*What the exercise asks*.
Would you retype, word for word, the line with "Answer: Listen to" and every line after it through the end of the records below?

*Data*.
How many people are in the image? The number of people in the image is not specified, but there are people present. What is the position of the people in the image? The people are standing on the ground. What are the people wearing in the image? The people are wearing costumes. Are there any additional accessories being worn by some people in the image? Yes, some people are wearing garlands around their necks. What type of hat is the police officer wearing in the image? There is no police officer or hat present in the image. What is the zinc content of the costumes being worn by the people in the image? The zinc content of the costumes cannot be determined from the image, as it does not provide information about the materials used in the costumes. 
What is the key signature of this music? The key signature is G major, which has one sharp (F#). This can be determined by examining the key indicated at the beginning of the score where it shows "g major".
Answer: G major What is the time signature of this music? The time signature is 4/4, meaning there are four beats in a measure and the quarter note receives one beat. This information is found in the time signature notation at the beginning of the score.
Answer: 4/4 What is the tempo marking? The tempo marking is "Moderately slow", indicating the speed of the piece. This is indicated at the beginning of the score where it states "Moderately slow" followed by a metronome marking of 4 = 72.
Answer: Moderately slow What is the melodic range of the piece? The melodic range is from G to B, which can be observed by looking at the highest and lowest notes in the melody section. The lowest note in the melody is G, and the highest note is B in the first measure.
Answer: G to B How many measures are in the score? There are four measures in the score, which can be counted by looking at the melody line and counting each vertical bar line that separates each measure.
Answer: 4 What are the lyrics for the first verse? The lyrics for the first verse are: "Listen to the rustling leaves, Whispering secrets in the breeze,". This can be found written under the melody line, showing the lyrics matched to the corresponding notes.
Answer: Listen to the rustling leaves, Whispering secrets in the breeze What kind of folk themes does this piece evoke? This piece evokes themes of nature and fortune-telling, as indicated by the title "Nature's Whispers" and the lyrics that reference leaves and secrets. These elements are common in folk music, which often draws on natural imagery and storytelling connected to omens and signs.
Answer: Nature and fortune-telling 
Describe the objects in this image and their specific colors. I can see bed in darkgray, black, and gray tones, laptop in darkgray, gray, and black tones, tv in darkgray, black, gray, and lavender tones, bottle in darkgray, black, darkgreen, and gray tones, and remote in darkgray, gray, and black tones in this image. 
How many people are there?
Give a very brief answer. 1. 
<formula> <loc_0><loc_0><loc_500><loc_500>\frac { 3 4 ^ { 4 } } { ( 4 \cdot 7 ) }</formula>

*Worked solution*.
Answer: Listen to the rustling leaves, Whispering secrets in the breeze What kind of folk themes does this piece evoke? This piece evokes themes of nature and fortune-telling, as indicated by the title "Nature's Whispers" and the lyrics that reference leaves and secrets. These elements are common in folk music, which often draws on natural imagery and storytelling connected to omens and signs.
Answer: Nature and fortune-telling 
Describe the objects in this image and their specific colors. I can see bed in darkgray, black, and gray tones, laptop in darkgray, gray, and black tones, tv in darkgray, black, gray, and lavender tones, bottle in darkgray, black, darkgreen, and gray tones, and remote in darkgray, gray, and black tones in this image. 
How many people are there?
Give a very brief answer. 1. 
<formula> <loc_0><loc_0><loc_500><loc_500>\frac { 3 4 ^ { 4 } } { ( 4 \cdot 7 ) }</formula>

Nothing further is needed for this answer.